The paper introduces NUCE Loss, which combines per-sample uncertainty reweighting with prototype-based contraction to address extreme class imbalance and ambiguous cases.
The method leverages uncertainty-aware weighting to focus on low-confidence samples, thereby creating more calibrated and separable feature embeddings.
Empirical results show that NUCE Loss improves classification accuracy and F1-scores in both malicious content detection and medical imaging scenarios.

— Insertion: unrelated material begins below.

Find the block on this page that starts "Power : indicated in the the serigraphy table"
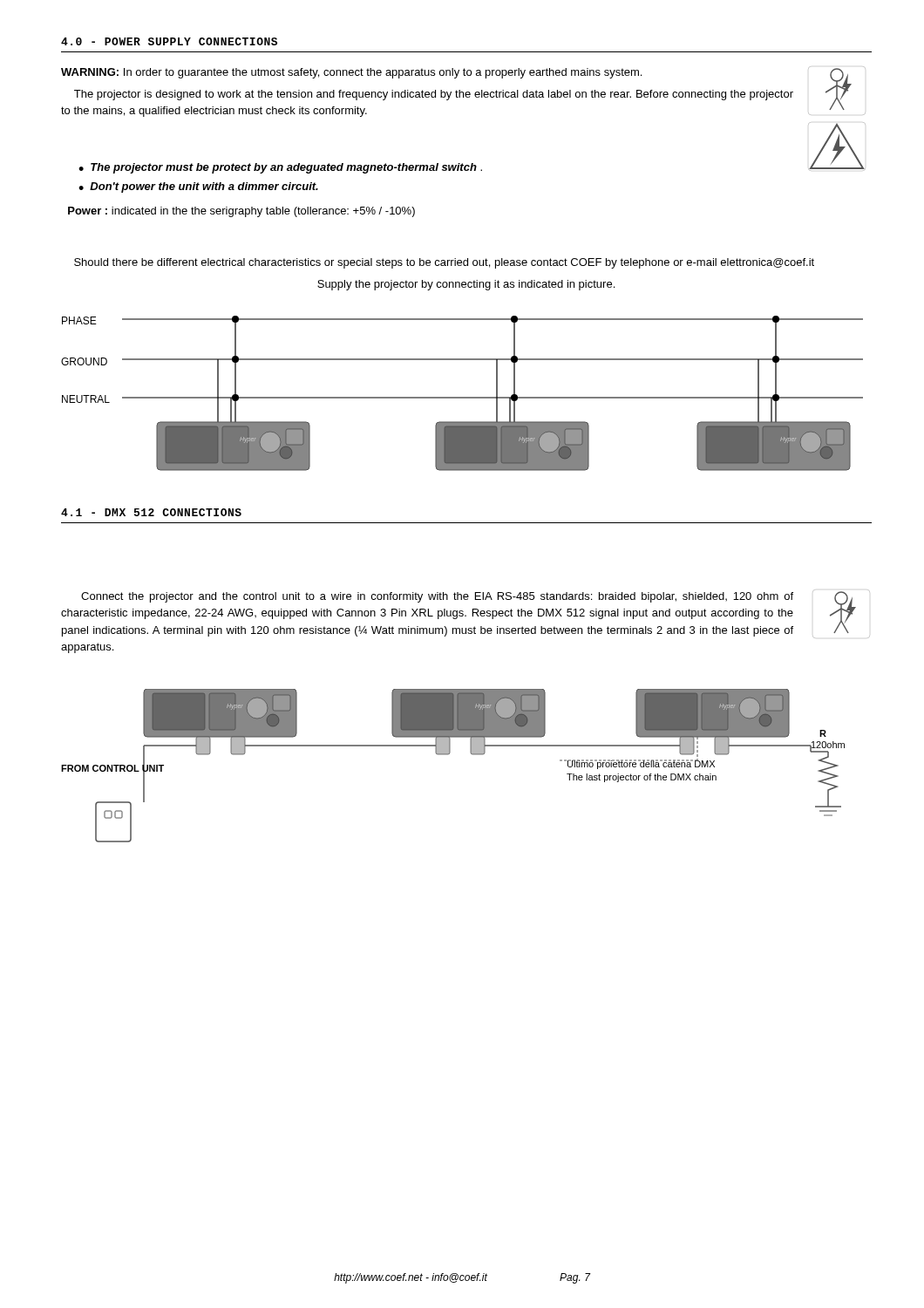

The Novel Uncertainty-aware Contractive Embedding (NUCE) Loss is a supervised embedding and classification loss designed to address severe class imbalance and sample uncertainty in both positive-unlabeled (PU) and conventional settings. NUCE integrates uncertainty-aware weighting and contractive regularization, yielding more calibrated, separable, and robust feature spaces, particularly for tasks with rare, ambiguous, or noisy class boundaries. Initially introduced for malicious content detection under PU learning (Hossain et al., 1 Dec 2025) and further extended to medical imaging applications such as cytoplasmic string detection in human embryo time-lapse videos (Sohail et al., 10 Dec 2025), NUCE loss unifies sample-specific uncertainty quantification and prototype-based embedding contraction in a plug-and-play optimization framework.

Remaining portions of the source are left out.